Bitcoin slipped back under $77,000 in Asian trading on Monday as rising oil prices and higher Treasury yields continued to pressure global risk assets, while expectations for near-term Federal Reserve easing remained firmly muted.

The macro backdrop has shifted decisively against crypto. The U.S. 30-year Treasury yield climbed to 5.13%, its highest level since 2007, with shorter-term yields also extending gains to fresh one-year highs. At the same time, prediction markets indicate traders see little chance of rate cuts in the coming months, with probabilities of no change at 98% for June and 94% for July.

For bitcoin, this combination is a clear headwind. Higher yields increase the relative attractiveness of fixed-income assets, reducing demand for non-yielding assets like BTC. At the same time, elevated oil prices are reinforcing inflation concerns, further tightening financial conditions.

Despite the macro pressure, on-chain data suggests that long-term holders remain largely unfazed.

Binance Research data shows that nearly 60% of bitcoin’s supply has not moved in more than a year, underscoring a strong holding bias among longer-term investors. Meanwhile, exchange balances have dropped to six-year lows, pointing to limited immediate selling pressure in spot markets.

However, the picture is less stable among newer market participants.

Short-term holder MVRV has fallen below 1, indicating that recent buyers are now sitting on unrealized losses. This creates a more fragile market dynamic, as these holders may be quicker to exit positions if prices fall further, amplifying downside moves during periods of macro stress.

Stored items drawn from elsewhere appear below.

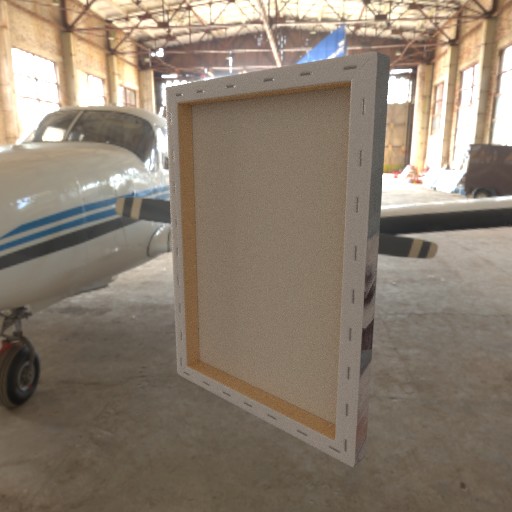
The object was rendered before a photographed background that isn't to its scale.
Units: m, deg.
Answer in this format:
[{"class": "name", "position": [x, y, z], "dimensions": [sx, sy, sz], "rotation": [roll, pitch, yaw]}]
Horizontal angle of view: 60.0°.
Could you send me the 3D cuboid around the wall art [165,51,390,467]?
[{"class": "wall art", "position": [0.000, 0.000, 0.795], "dimensions": [0.455, 0.613, 0.037], "rotation": [12, 17, 42]}]
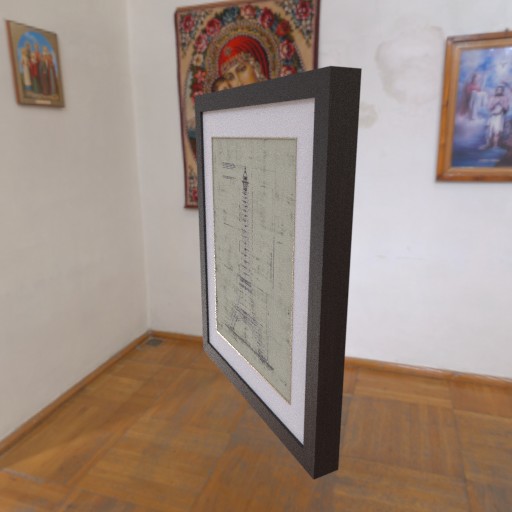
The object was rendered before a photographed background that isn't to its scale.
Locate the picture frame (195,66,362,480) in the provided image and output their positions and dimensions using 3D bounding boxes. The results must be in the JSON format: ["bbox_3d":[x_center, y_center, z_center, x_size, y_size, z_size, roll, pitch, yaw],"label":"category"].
[{"bbox_3d":[0.000,0.000,0.772,0.044,0.555,0.452,-8,17,-26],"label":"picture frame"}]
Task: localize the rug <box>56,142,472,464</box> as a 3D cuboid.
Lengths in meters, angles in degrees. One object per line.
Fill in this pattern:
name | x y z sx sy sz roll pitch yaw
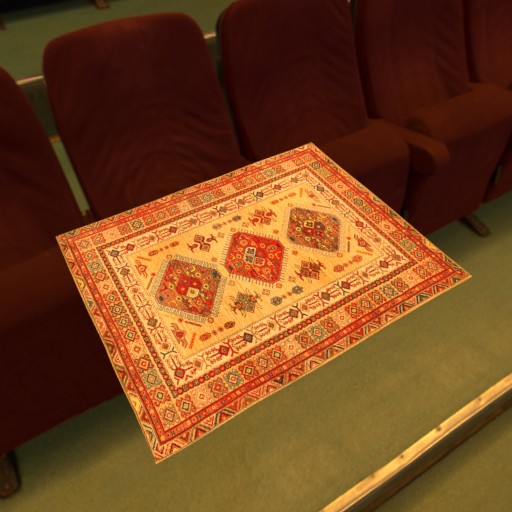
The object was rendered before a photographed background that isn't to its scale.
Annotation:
rug | 0.000 0.000 4.144 3.067 0.005 2.460 -25 53 -20
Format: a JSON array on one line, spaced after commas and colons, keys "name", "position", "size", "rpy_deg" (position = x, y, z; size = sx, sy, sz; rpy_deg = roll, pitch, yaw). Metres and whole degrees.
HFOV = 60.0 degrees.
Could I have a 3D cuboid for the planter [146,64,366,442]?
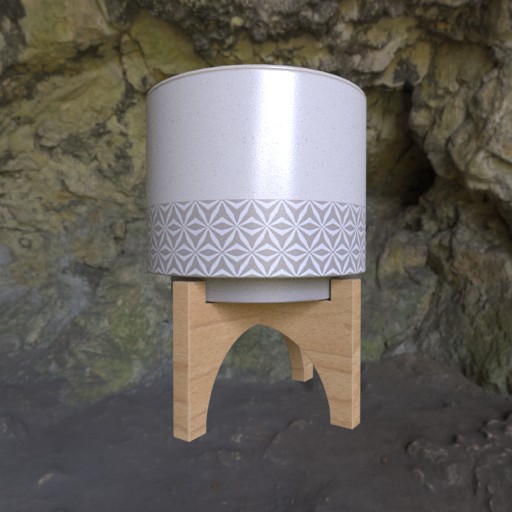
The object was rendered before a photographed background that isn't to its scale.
[{"name": "planter", "position": [0.000, 0.000, 0.392], "size": [0.188, 0.260, 0.188], "rpy_deg": [0, 1, 0]}]

Traders are now focused on several upcoming catalysts. Nvidia’s earnings on Wednesday are expected to act as a proxy for broader market risk appetite, given its central role in the AI-driven equity rally. U.S. PPI data on Thursday will provide further clarity on whether inflation pressures are broadening beyond energy.

In parallel, progress on the CLARITY Act in Washington remains on the radar as lawmakers continue to shape the regulatory framework for digital assets.

For now, bitcoin is caught between supportive supply dynamics and tightening macro conditions. While low exchange balances and inactive long-term supply may help limit sustained selling pressure, they offer little defense against sharp, macro-driven drawdowns.

The near-term direction will depend on whether BTC can stabilize in a high-yield environment, as investors weigh persistent inflation risks against the diminishing likelihood of imminent monetary easing.